◆ **Task to carry out**: Copy each line below exactly as it appears. Pictures are to be omitted.
-- Data for this task follows --
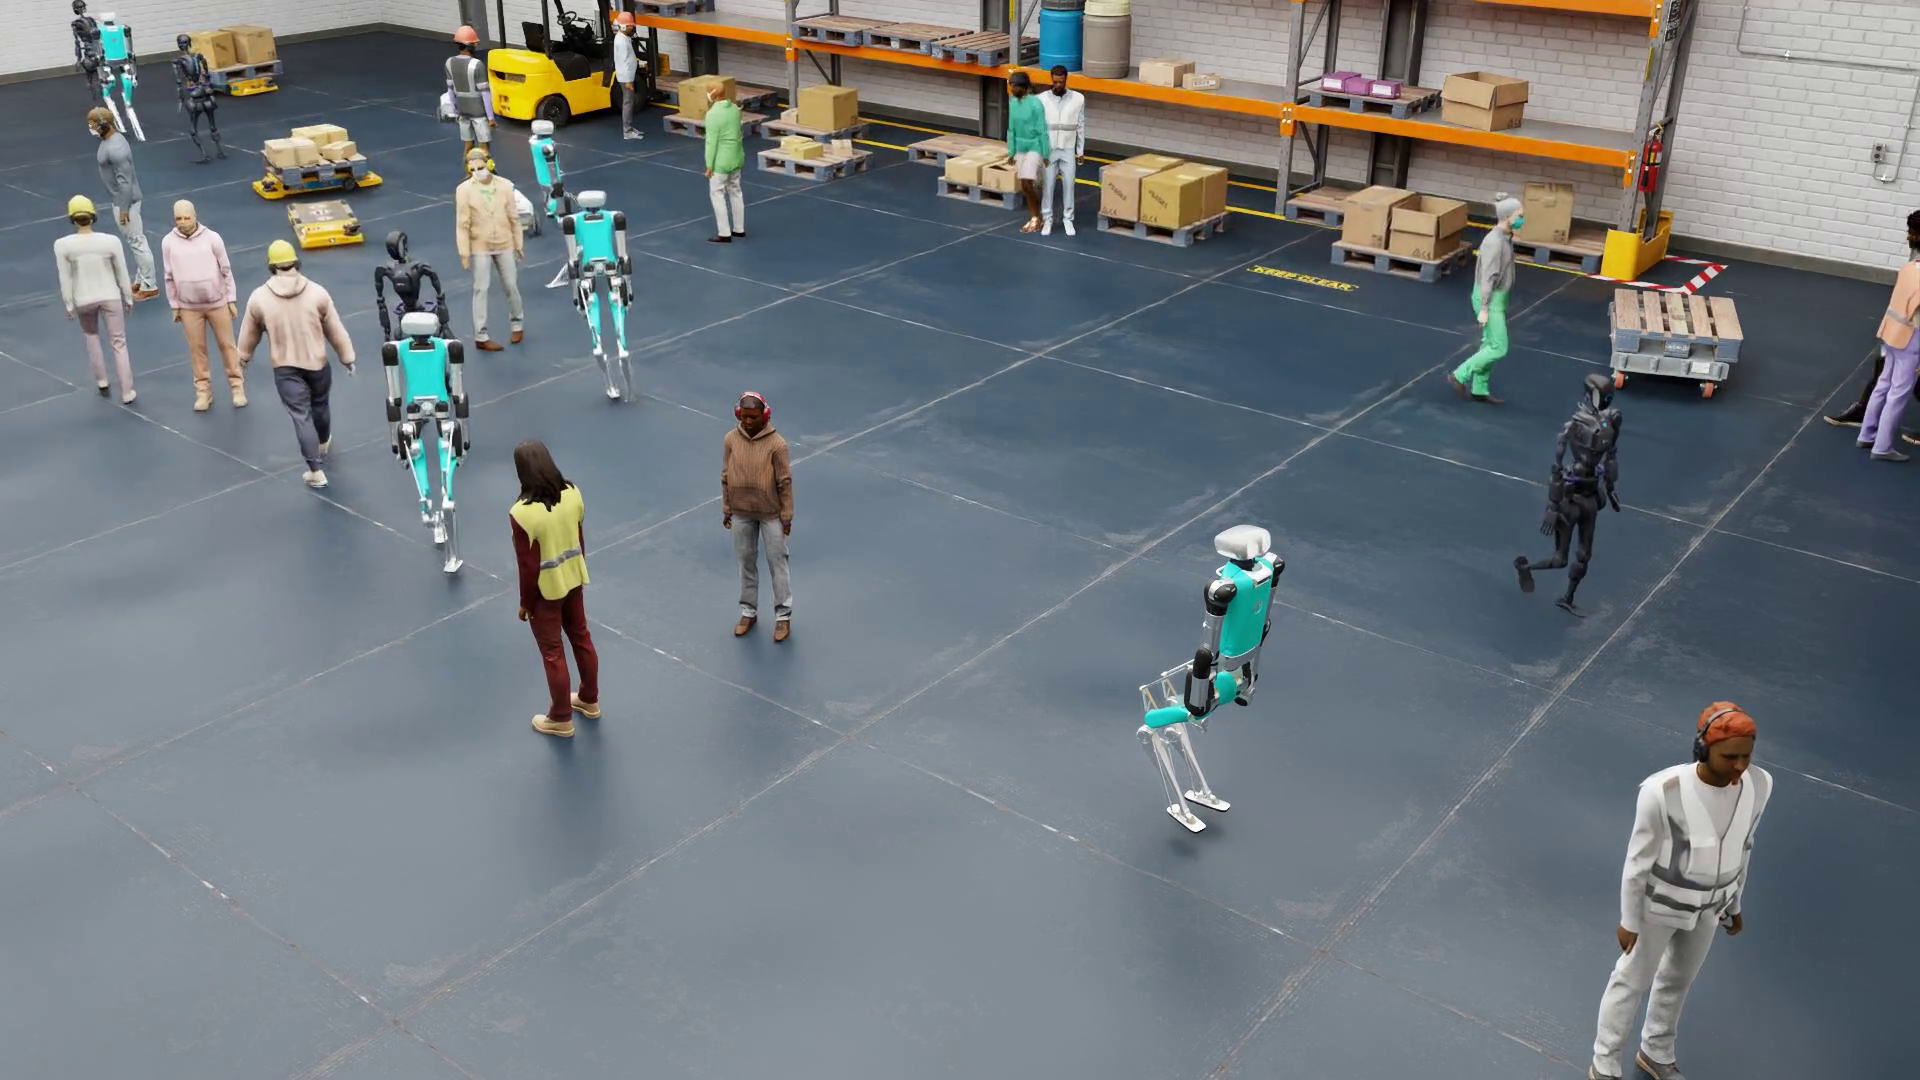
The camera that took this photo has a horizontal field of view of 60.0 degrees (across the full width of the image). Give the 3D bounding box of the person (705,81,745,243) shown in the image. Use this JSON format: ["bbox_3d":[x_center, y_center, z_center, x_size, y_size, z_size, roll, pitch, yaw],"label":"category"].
[{"bbox_3d":[-2.623,-4.223,18.594,0.383,1.775,0.538,15,30,29],"label":"person"}]

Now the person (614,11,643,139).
[{"bbox_3d":[-4.670,-6.546,23.432,0.352,1.742,0.572,-5,26,-11],"label":"person"}]

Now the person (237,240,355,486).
[{"bbox_3d":[-5.042,-1.371,12.644,0.822,1.800,0.995,-11,28,-21],"label":"person"}]

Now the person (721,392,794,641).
[{"bbox_3d":[-1.242,-0.161,10.321,0.462,1.648,0.327,6,26,13],"label":"person"}]

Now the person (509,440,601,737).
[{"bbox_3d":[-2.258,0.274,9.272,0.376,1.775,0.466,16,30,30],"label":"person"}]

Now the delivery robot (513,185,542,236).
[{"bbox_3d":[-5.123,-3.771,19.040,0.499,0.585,0.777,-12,28,-24],"label":"delivery robot"}]

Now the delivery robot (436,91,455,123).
[{"bbox_3d":[-7.442,-6.505,24.711,0.499,0.592,0.792,2,26,3],"label":"delivery robot"}]

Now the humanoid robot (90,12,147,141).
[{"bbox_3d":[-11.871,-6.509,23.378,0.543,1.788,0.871,-22,33,-37],"label":"humanoid robot"}]

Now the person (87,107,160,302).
[{"bbox_3d":[-8.348,-3.350,16.597,0.371,1.934,0.627,-13,29,-25],"label":"person"}]

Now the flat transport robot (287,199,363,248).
[{"bbox_3d":[-7.314,-3.645,19.120,0.659,0.231,1.431,-12,28,-23],"label":"flat transport robot"}]

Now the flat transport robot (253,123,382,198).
[{"bbox_3d":[-8.116,-4.551,20.996,1.431,0.231,0.659,-16,30,-29],"label":"flat transport robot"}]

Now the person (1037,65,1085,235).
[{"bbox_3d":[1.110,-4.412,18.829,0.595,1.908,0.407,-1,26,-2],"label":"person"}]

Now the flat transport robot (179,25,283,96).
[{"bbox_3d":[-11.729,-7.369,26.831,1.431,0.231,0.659,16,30,30],"label":"flat transport robot"}]

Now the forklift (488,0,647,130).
[{"bbox_3d":[-5.874,-7.334,24.552,1.214,2.155,2.313,19,32,34],"label":"forklift"}]

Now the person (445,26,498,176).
[{"bbox_3d":[-5.958,-5.255,20.417,0.613,2.042,0.371,12,28,23],"label":"person"}]

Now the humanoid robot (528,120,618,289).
[{"bbox_3d":[-3.881,-3.445,17.057,0.932,1.782,0.548,-15,30,-28],"label":"humanoid robot"}]

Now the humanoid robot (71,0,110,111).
[{"bbox_3d":[-13.042,-7.252,24.961,0.324,1.648,0.594,4,26,8],"label":"humanoid robot"}]

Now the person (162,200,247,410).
[{"bbox_3d":[-6.322,-1.970,13.909,0.535,1.781,0.400,-7,27,-14],"label":"person"}]

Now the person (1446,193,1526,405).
[{"bbox_3d":[4.468,-1.997,13.900,0.428,1.832,0.523,13,29,24],"label":"person"}]

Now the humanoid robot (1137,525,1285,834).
[{"bbox_3d":[1.188,0.644,8.395,0.735,1.677,0.533,23,34,39],"label":"humanoid robot"}]

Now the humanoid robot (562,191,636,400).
[{"bbox_3d":[-3.009,-1.966,14.031,0.542,1.830,0.794,-6,26,-12],"label":"humanoid robot"}]

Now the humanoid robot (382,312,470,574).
[{"bbox_3d":[-3.526,-0.578,11.103,0.556,1.720,0.994,-6,27,-13],"label":"humanoid robot"}]

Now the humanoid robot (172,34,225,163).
[{"bbox_3d":[-10.128,-5.876,22.114,0.375,1.643,0.603,12,28,24],"label":"humanoid robot"}]

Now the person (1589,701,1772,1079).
[{"bbox_3d":[2.892,1.475,6.662,0.574,1.882,0.362,-6,26,-12],"label":"person"}]

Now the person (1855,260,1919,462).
[{"bbox_3d":[7.321,-1.497,12.871,0.381,1.838,0.561,1,26,2],"label":"person"}]

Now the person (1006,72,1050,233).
[{"bbox_3d":[0.775,-4.385,18.853,0.463,1.825,0.538,-21,33,-37],"label":"person"}]

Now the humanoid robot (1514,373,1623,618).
[{"bbox_3d":[3.919,-0.319,10.626,0.609,1.643,0.470,-13,29,-26],"label":"humanoid robot"}]

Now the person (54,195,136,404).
[{"bbox_3d":[-7.309,-2.045,14.125,0.533,1.727,0.653,-12,28,-24],"label":"person"}]

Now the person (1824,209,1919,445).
[{"bbox_3d":[7.592,-1.700,13.224,0.905,1.915,0.688,14,29,27],"label":"person"}]

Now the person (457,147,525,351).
[{"bbox_3d":[-4.295,-2.683,15.301,0.608,1.857,0.512,-12,28,-24],"label":"person"}]

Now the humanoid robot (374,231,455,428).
[{"bbox_3d":[-4.448,-1.775,13.718,0.613,1.642,0.800,0,26,1],"label":"humanoid robot"}]
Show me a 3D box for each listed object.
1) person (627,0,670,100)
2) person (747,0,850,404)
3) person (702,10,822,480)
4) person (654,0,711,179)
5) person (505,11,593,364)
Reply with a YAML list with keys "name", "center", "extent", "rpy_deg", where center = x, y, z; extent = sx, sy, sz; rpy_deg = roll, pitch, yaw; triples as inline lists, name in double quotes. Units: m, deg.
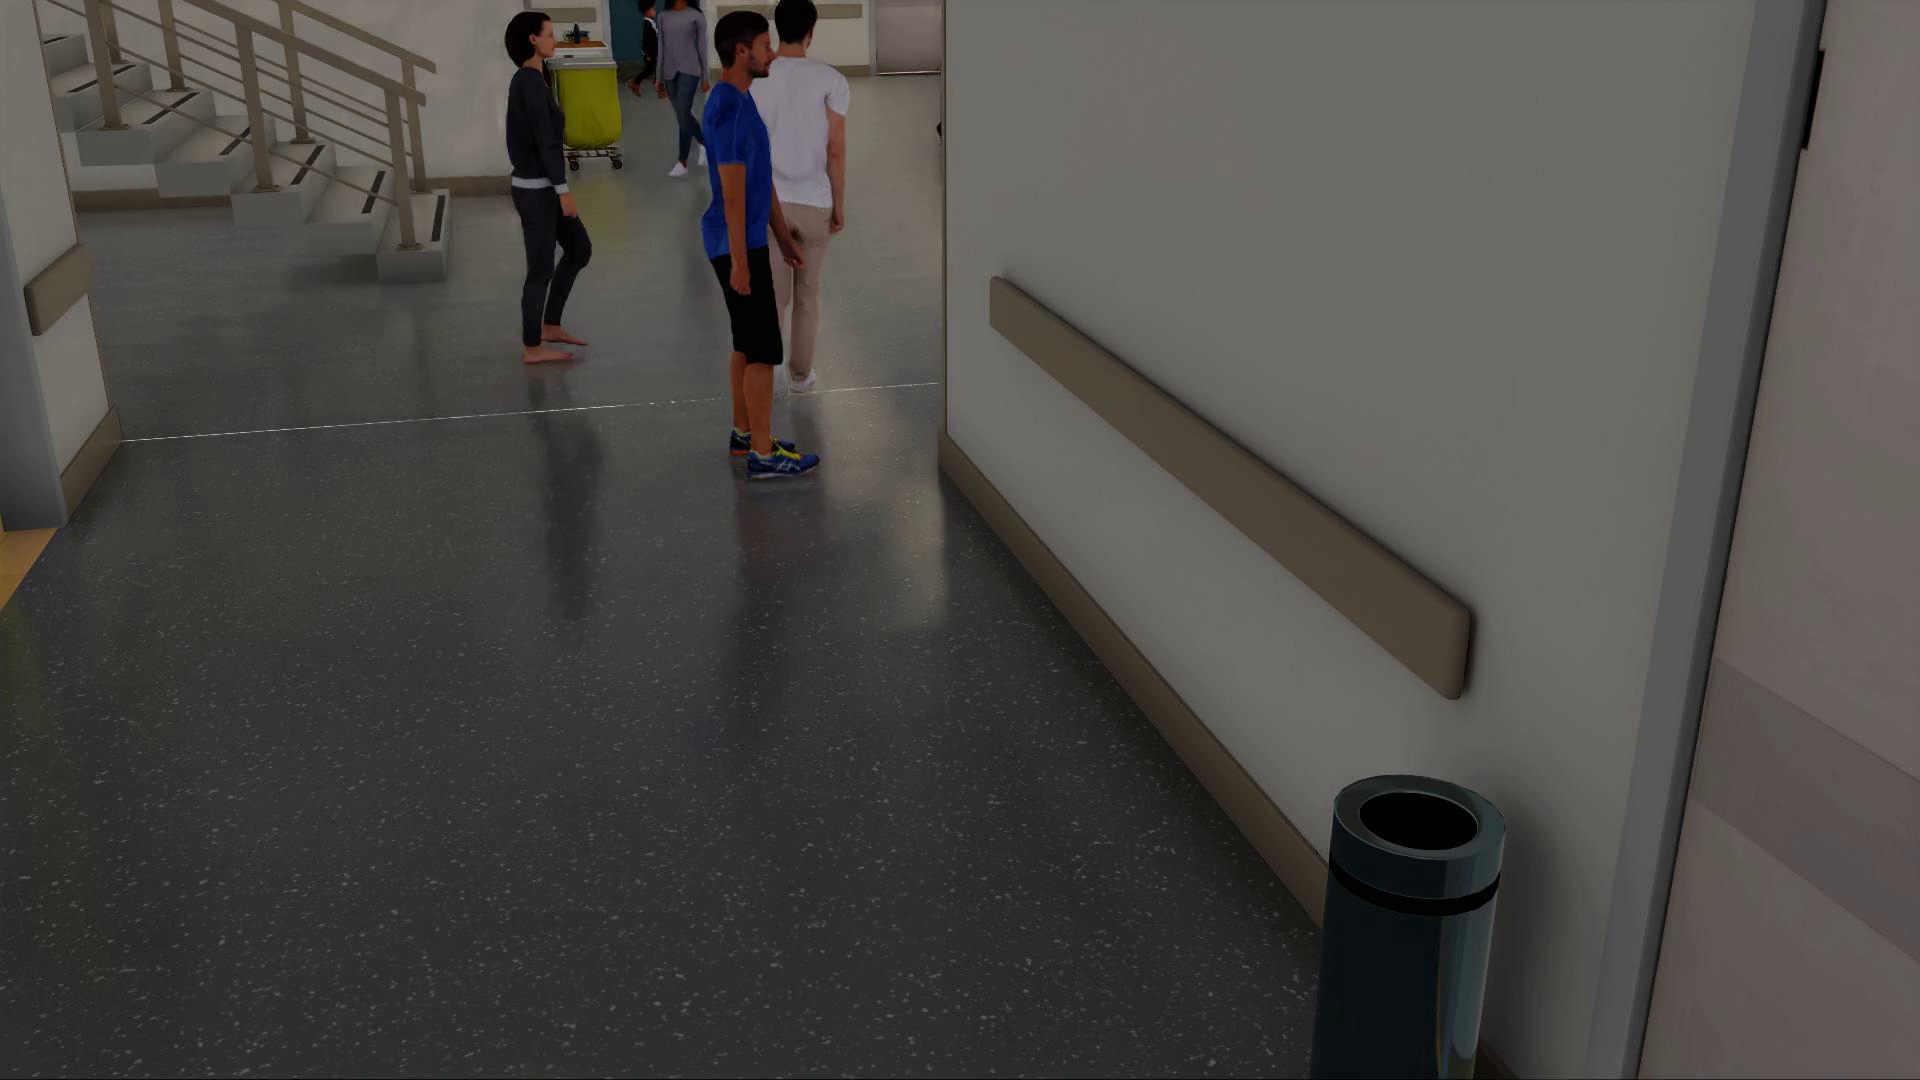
-- Data for this task concluded --
◆ **Problem solution**:
The camera that took this photo has a horizontal field of view of 60.0 degrees (across the full width of the image). Give the 3D bounding box of the person (705,81,745,243) shown in the image. Use this JSON format: ["bbox_3d":[x_center, y_center, z_center, x_size, y_size, z_size, roll, pitch, yaw],"label":"category"].
[{"bbox_3d":[-2.623,-4.223,18.594,0.383,1.775,0.538,15,30,29],"label":"person"}]

Now the person (614,11,643,139).
[{"bbox_3d":[-4.670,-6.546,23.432,0.352,1.742,0.572,-5,26,-11],"label":"person"}]

Now the person (237,240,355,486).
[{"bbox_3d":[-5.042,-1.371,12.644,0.822,1.800,0.995,-11,28,-21],"label":"person"}]

Now the person (721,392,794,641).
[{"bbox_3d":[-1.242,-0.161,10.321,0.462,1.648,0.327,6,26,13],"label":"person"}]

Now the person (509,440,601,737).
[{"bbox_3d":[-2.258,0.274,9.272,0.376,1.775,0.466,16,30,30],"label":"person"}]

Now the delivery robot (513,185,542,236).
[{"bbox_3d":[-5.123,-3.771,19.040,0.499,0.585,0.777,-12,28,-24],"label":"delivery robot"}]

Now the delivery robot (436,91,455,123).
[{"bbox_3d":[-7.442,-6.505,24.711,0.499,0.592,0.792,2,26,3],"label":"delivery robot"}]

Now the humanoid robot (90,12,147,141).
[{"bbox_3d":[-11.871,-6.509,23.378,0.543,1.788,0.871,-22,33,-37],"label":"humanoid robot"}]

Now the person (87,107,160,302).
[{"bbox_3d":[-8.348,-3.350,16.597,0.371,1.934,0.627,-13,29,-25],"label":"person"}]

Now the flat transport robot (287,199,363,248).
[{"bbox_3d":[-7.314,-3.645,19.120,0.659,0.231,1.431,-12,28,-23],"label":"flat transport robot"}]

Now the flat transport robot (253,123,382,198).
[{"bbox_3d":[-8.116,-4.551,20.996,1.431,0.231,0.659,-16,30,-29],"label":"flat transport robot"}]

Now the person (1037,65,1085,235).
[{"bbox_3d":[1.110,-4.412,18.829,0.595,1.908,0.407,-1,26,-2],"label":"person"}]

Now the flat transport robot (179,25,283,96).
[{"bbox_3d":[-11.729,-7.369,26.831,1.431,0.231,0.659,16,30,30],"label":"flat transport robot"}]

Now the forklift (488,0,647,130).
[{"bbox_3d":[-5.874,-7.334,24.552,1.214,2.155,2.313,19,32,34],"label":"forklift"}]

Now the person (445,26,498,176).
[{"bbox_3d":[-5.958,-5.255,20.417,0.613,2.042,0.371,12,28,23],"label":"person"}]

Now the humanoid robot (528,120,618,289).
[{"bbox_3d":[-3.881,-3.445,17.057,0.932,1.782,0.548,-15,30,-28],"label":"humanoid robot"}]

Now the humanoid robot (71,0,110,111).
[{"bbox_3d":[-13.042,-7.252,24.961,0.324,1.648,0.594,4,26,8],"label":"humanoid robot"}]

Now the person (162,200,247,410).
[{"bbox_3d":[-6.322,-1.970,13.909,0.535,1.781,0.400,-7,27,-14],"label":"person"}]

Now the person (1446,193,1526,405).
[{"bbox_3d":[4.468,-1.997,13.900,0.428,1.832,0.523,13,29,24],"label":"person"}]

Now the humanoid robot (1137,525,1285,834).
[{"bbox_3d":[1.188,0.644,8.395,0.735,1.677,0.533,23,34,39],"label":"humanoid robot"}]

Now the humanoid robot (562,191,636,400).
[{"bbox_3d":[-3.009,-1.966,14.031,0.542,1.830,0.794,-6,26,-12],"label":"humanoid robot"}]

Now the humanoid robot (382,312,470,574).
[{"bbox_3d":[-3.526,-0.578,11.103,0.556,1.720,0.994,-6,27,-13],"label":"humanoid robot"}]

Now the humanoid robot (172,34,225,163).
[{"bbox_3d":[-10.128,-5.876,22.114,0.375,1.643,0.603,12,28,24],"label":"humanoid robot"}]

Now the person (1589,701,1772,1079).
[{"bbox_3d":[2.892,1.475,6.662,0.574,1.882,0.362,-6,26,-12],"label":"person"}]

Now the person (1855,260,1919,462).
[{"bbox_3d":[7.321,-1.497,12.871,0.381,1.838,0.561,1,26,2],"label":"person"}]

Now the person (1006,72,1050,233).
[{"bbox_3d":[0.775,-4.385,18.853,0.463,1.825,0.538,-21,33,-37],"label":"person"}]

Now the humanoid robot (1514,373,1623,618).
[{"bbox_3d":[3.919,-0.319,10.626,0.609,1.643,0.470,-13,29,-26],"label":"humanoid robot"}]

Now the person (54,195,136,404).
[{"bbox_3d":[-7.309,-2.045,14.125,0.533,1.727,0.653,-12,28,-24],"label":"person"}]

Now the person (1824,209,1919,445).
[{"bbox_3d":[7.592,-1.700,13.224,0.905,1.915,0.688,14,29,27],"label":"person"}]

Now the person (457,147,525,351).
[{"bbox_3d":[-4.295,-2.683,15.301,0.608,1.857,0.512,-12,28,-24],"label":"person"}]

Now the humanoid robot (374,231,455,428).
[{"bbox_3d":[-4.448,-1.775,13.718,0.613,1.642,0.800,0,26,1],"label":"humanoid robot"}]
Show me a 3D box for each listed object.
1) person (627,0,670,100)
2) person (747,0,850,404)
3) person (702,10,822,480)
4) person (654,0,711,179)
5) person (505,11,593,364)
Reply with a YAML list with keys "name", "center", "extent", "rpy_deg", where center = x, y, z; extent = sx, sy, sz; rpy_deg = roll, pitch, yaw; triples as inline lists, name in double quotes. Units: m, deg.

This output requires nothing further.